▶ **Exercise description**
Your answer should repeat every line of the records below in which the word "want" appears.
*** Data ***
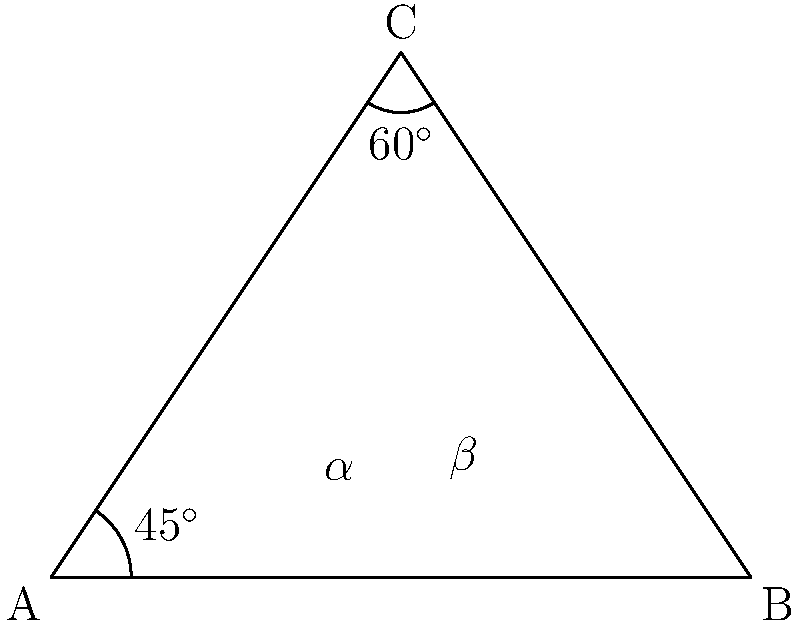In a high-end restaurant, two innovative chefs are presenting their dishes on triangular plates. The first chef's plating style forms an angle of $60^\circ$ with the base of the plate, while the second chef's style forms an angle of $45^\circ$ with the adjacent side. What is the angle between these two intersecting plating styles? Let's approach this step-by-step:

1) In the triangle ABC, we're given two angles:
   - Angle BCA = $60^\circ$
   - Angle BAC = $45^\circ$

2) We need to find the angle between AC and BC, which we'll call $\alpha + \beta$.

3) In any triangle, the sum of all angles is always $180^\circ$. So:
   $\angle BAC + \angle ABC + \angle BCA = 180^\circ$

4) We know two of these angles, so we can find the third:
   $45^\circ + \angle ABC + 60^\circ = 180^\circ$
   $\angle ABC = 180^\circ - 45^\circ - 60^\circ = 75^\circ$

5) Now, let's focus on the angles $\alpha$ and $\beta$:
   $\alpha + \beta + \angle ABC = 180^\circ$ (they form a straight line)

6) We can substitute what we know:
   $\alpha + \beta + 75^\circ = 180^\circ$

7) Solving for $\alpha + \beta$:
   $\alpha + \beta = 180^\circ - 75^\circ = 105^\circ$

Therefore, the angle between the two plating styles is $105^\circ$.
Answer: $105^\circ$ 
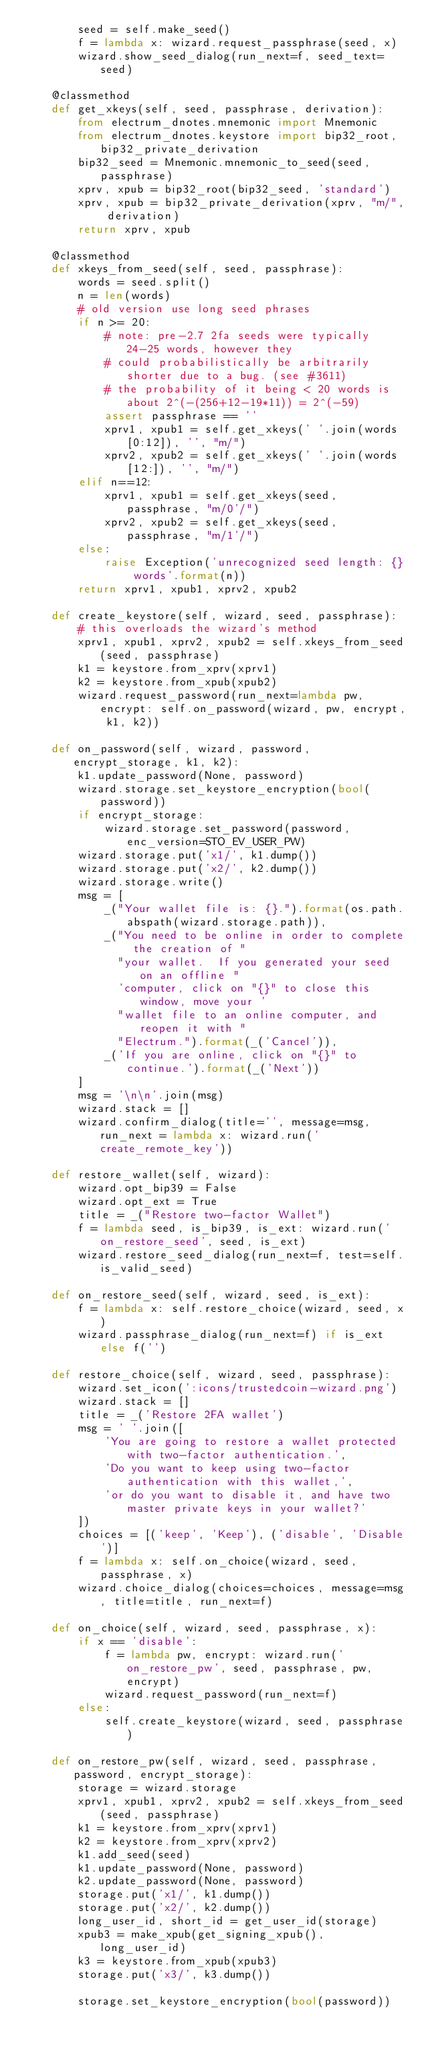<code> <loc_0><loc_0><loc_500><loc_500><_Python_>        seed = self.make_seed()
        f = lambda x: wizard.request_passphrase(seed, x)
        wizard.show_seed_dialog(run_next=f, seed_text=seed)

    @classmethod
    def get_xkeys(self, seed, passphrase, derivation):
        from electrum_dnotes.mnemonic import Mnemonic
        from electrum_dnotes.keystore import bip32_root, bip32_private_derivation
        bip32_seed = Mnemonic.mnemonic_to_seed(seed, passphrase)
        xprv, xpub = bip32_root(bip32_seed, 'standard')
        xprv, xpub = bip32_private_derivation(xprv, "m/", derivation)
        return xprv, xpub

    @classmethod
    def xkeys_from_seed(self, seed, passphrase):
        words = seed.split()
        n = len(words)
        # old version use long seed phrases
        if n >= 20:
            # note: pre-2.7 2fa seeds were typically 24-25 words, however they
            # could probabilistically be arbitrarily shorter due to a bug. (see #3611)
            # the probability of it being < 20 words is about 2^(-(256+12-19*11)) = 2^(-59)
            assert passphrase == ''
            xprv1, xpub1 = self.get_xkeys(' '.join(words[0:12]), '', "m/")
            xprv2, xpub2 = self.get_xkeys(' '.join(words[12:]), '', "m/")
        elif n==12:
            xprv1, xpub1 = self.get_xkeys(seed, passphrase, "m/0'/")
            xprv2, xpub2 = self.get_xkeys(seed, passphrase, "m/1'/")
        else:
            raise Exception('unrecognized seed length: {} words'.format(n))
        return xprv1, xpub1, xprv2, xpub2

    def create_keystore(self, wizard, seed, passphrase):
        # this overloads the wizard's method
        xprv1, xpub1, xprv2, xpub2 = self.xkeys_from_seed(seed, passphrase)
        k1 = keystore.from_xprv(xprv1)
        k2 = keystore.from_xpub(xpub2)
        wizard.request_password(run_next=lambda pw, encrypt: self.on_password(wizard, pw, encrypt, k1, k2))

    def on_password(self, wizard, password, encrypt_storage, k1, k2):
        k1.update_password(None, password)
        wizard.storage.set_keystore_encryption(bool(password))
        if encrypt_storage:
            wizard.storage.set_password(password, enc_version=STO_EV_USER_PW)
        wizard.storage.put('x1/', k1.dump())
        wizard.storage.put('x2/', k2.dump())
        wizard.storage.write()
        msg = [
            _("Your wallet file is: {}.").format(os.path.abspath(wizard.storage.path)),
            _("You need to be online in order to complete the creation of "
              "your wallet.  If you generated your seed on an offline "
              'computer, click on "{}" to close this window, move your '
              "wallet file to an online computer, and reopen it with "
              "Electrum.").format(_('Cancel')),
            _('If you are online, click on "{}" to continue.').format(_('Next'))
        ]
        msg = '\n\n'.join(msg)
        wizard.stack = []
        wizard.confirm_dialog(title='', message=msg, run_next = lambda x: wizard.run('create_remote_key'))

    def restore_wallet(self, wizard):
        wizard.opt_bip39 = False
        wizard.opt_ext = True
        title = _("Restore two-factor Wallet")
        f = lambda seed, is_bip39, is_ext: wizard.run('on_restore_seed', seed, is_ext)
        wizard.restore_seed_dialog(run_next=f, test=self.is_valid_seed)

    def on_restore_seed(self, wizard, seed, is_ext):
        f = lambda x: self.restore_choice(wizard, seed, x)
        wizard.passphrase_dialog(run_next=f) if is_ext else f('')

    def restore_choice(self, wizard, seed, passphrase):
        wizard.set_icon(':icons/trustedcoin-wizard.png')
        wizard.stack = []
        title = _('Restore 2FA wallet')
        msg = ' '.join([
            'You are going to restore a wallet protected with two-factor authentication.',
            'Do you want to keep using two-factor authentication with this wallet,',
            'or do you want to disable it, and have two master private keys in your wallet?'
        ])
        choices = [('keep', 'Keep'), ('disable', 'Disable')]
        f = lambda x: self.on_choice(wizard, seed, passphrase, x)
        wizard.choice_dialog(choices=choices, message=msg, title=title, run_next=f)

    def on_choice(self, wizard, seed, passphrase, x):
        if x == 'disable':
            f = lambda pw, encrypt: wizard.run('on_restore_pw', seed, passphrase, pw, encrypt)
            wizard.request_password(run_next=f)
        else:
            self.create_keystore(wizard, seed, passphrase)

    def on_restore_pw(self, wizard, seed, passphrase, password, encrypt_storage):
        storage = wizard.storage
        xprv1, xpub1, xprv2, xpub2 = self.xkeys_from_seed(seed, passphrase)
        k1 = keystore.from_xprv(xprv1)
        k2 = keystore.from_xprv(xprv2)
        k1.add_seed(seed)
        k1.update_password(None, password)
        k2.update_password(None, password)
        storage.put('x1/', k1.dump())
        storage.put('x2/', k2.dump())
        long_user_id, short_id = get_user_id(storage)
        xpub3 = make_xpub(get_signing_xpub(), long_user_id)
        k3 = keystore.from_xpub(xpub3)
        storage.put('x3/', k3.dump())

        storage.set_keystore_encryption(bool(password))</code> 
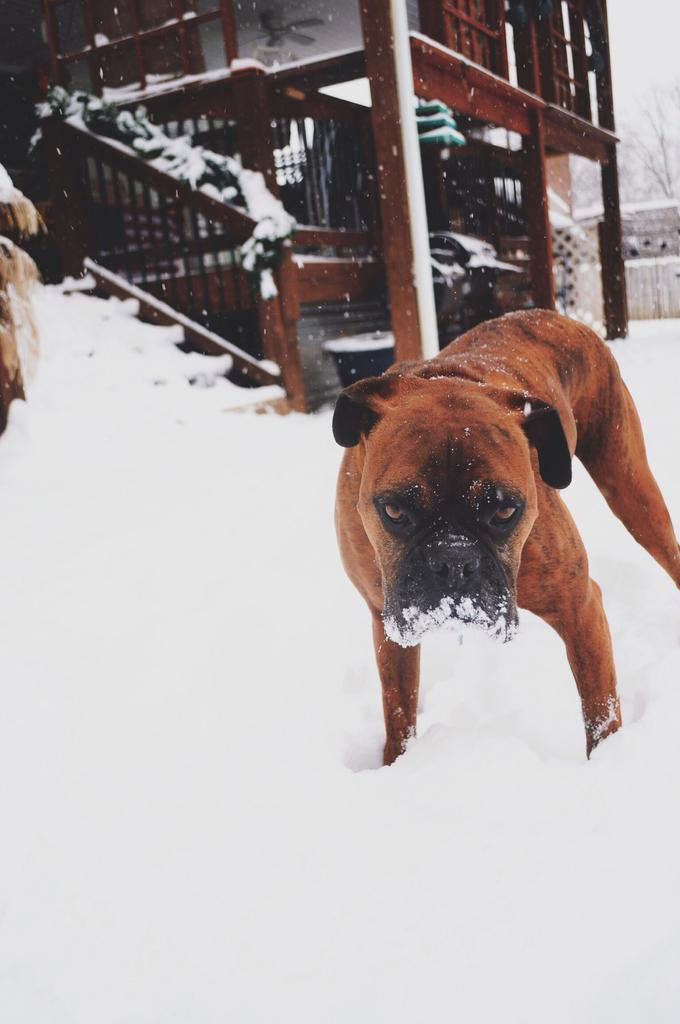What is the main subject in the foreground of the image? There is a dog in the foreground of the image. What type of weather condition is depicted in the image? There is snow at the bottom of the image. What can be seen in the background of the image? There are houses in the background of the image. What type of oatmeal is the dog eating in the image? There is no oatmeal present in the image; the dog is not eating anything. Can you see a toy that the dog is playing with in the image? There is no toy visible in the image. 
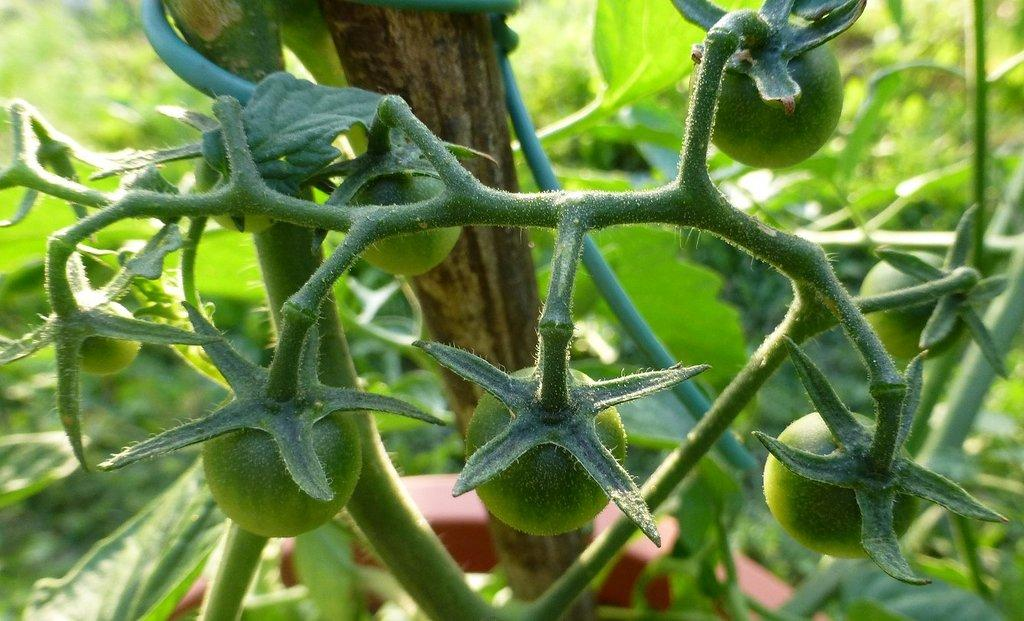What type of fruit can be seen in the image? There are tomatoes in the image. What else is present in the image besides the tomatoes? There are leaves in the image. What is the name of the shop where the tomatoes were purchased in the image? There is no shop present in the image, as it only features tomatoes and leaves. 
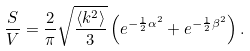<formula> <loc_0><loc_0><loc_500><loc_500>\frac { S } { V } = \frac { 2 } { \pi } \sqrt { \frac { \langle k ^ { 2 } \rangle } { 3 } } \left ( { e ^ { - \frac { 1 } { 2 } { \alpha ^ { 2 } } } + e ^ { - \frac { 1 } { 2 } { \beta ^ { 2 } } } } \right ) .</formula> 
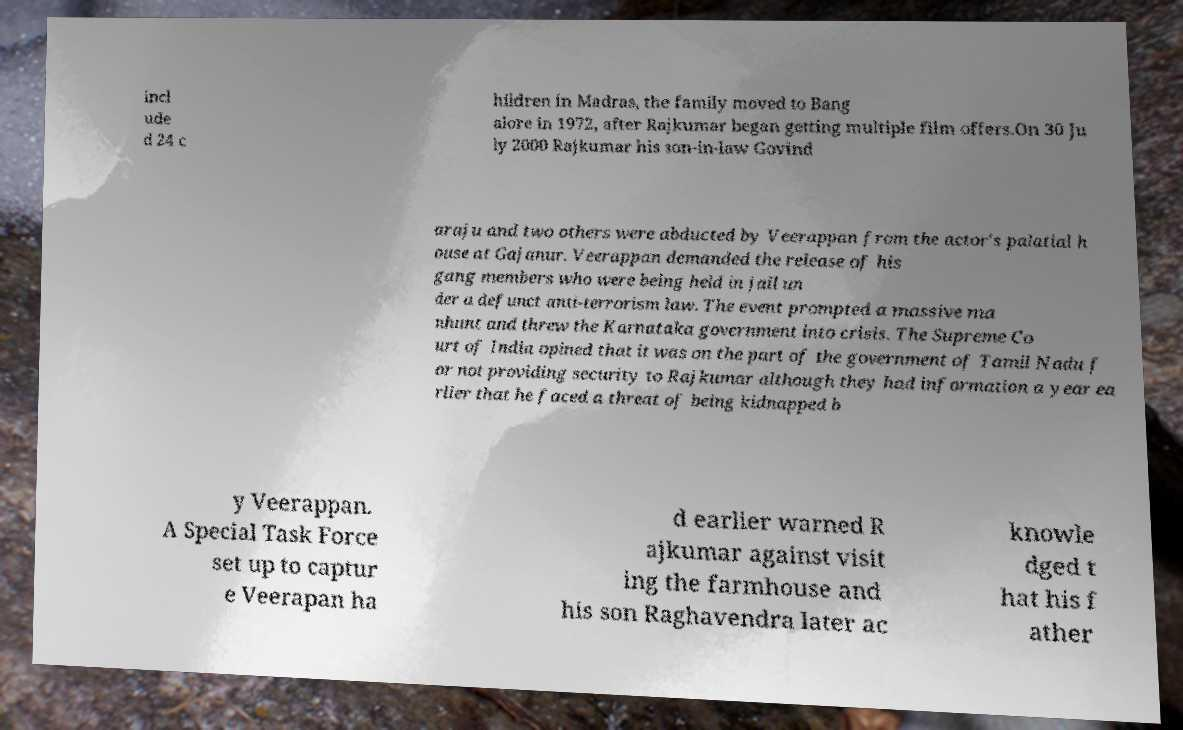I need the written content from this picture converted into text. Can you do that? incl ude d 24 c hildren in Madras, the family moved to Bang alore in 1972, after Rajkumar began getting multiple film offers.On 30 Ju ly 2000 Rajkumar his son-in-law Govind araju and two others were abducted by Veerappan from the actor's palatial h ouse at Gajanur. Veerappan demanded the release of his gang members who were being held in jail un der a defunct anti-terrorism law. The event prompted a massive ma nhunt and threw the Karnataka government into crisis. The Supreme Co urt of India opined that it was on the part of the government of Tamil Nadu f or not providing security to Rajkumar although they had information a year ea rlier that he faced a threat of being kidnapped b y Veerappan. A Special Task Force set up to captur e Veerapan ha d earlier warned R ajkumar against visit ing the farmhouse and his son Raghavendra later ac knowle dged t hat his f ather
*** End of Data ***
▶ **Response**
            'Do you want to keep using two-factor authentication with this wallet,',
            'or do you want to disable it, and have two master private keys in your wallet?'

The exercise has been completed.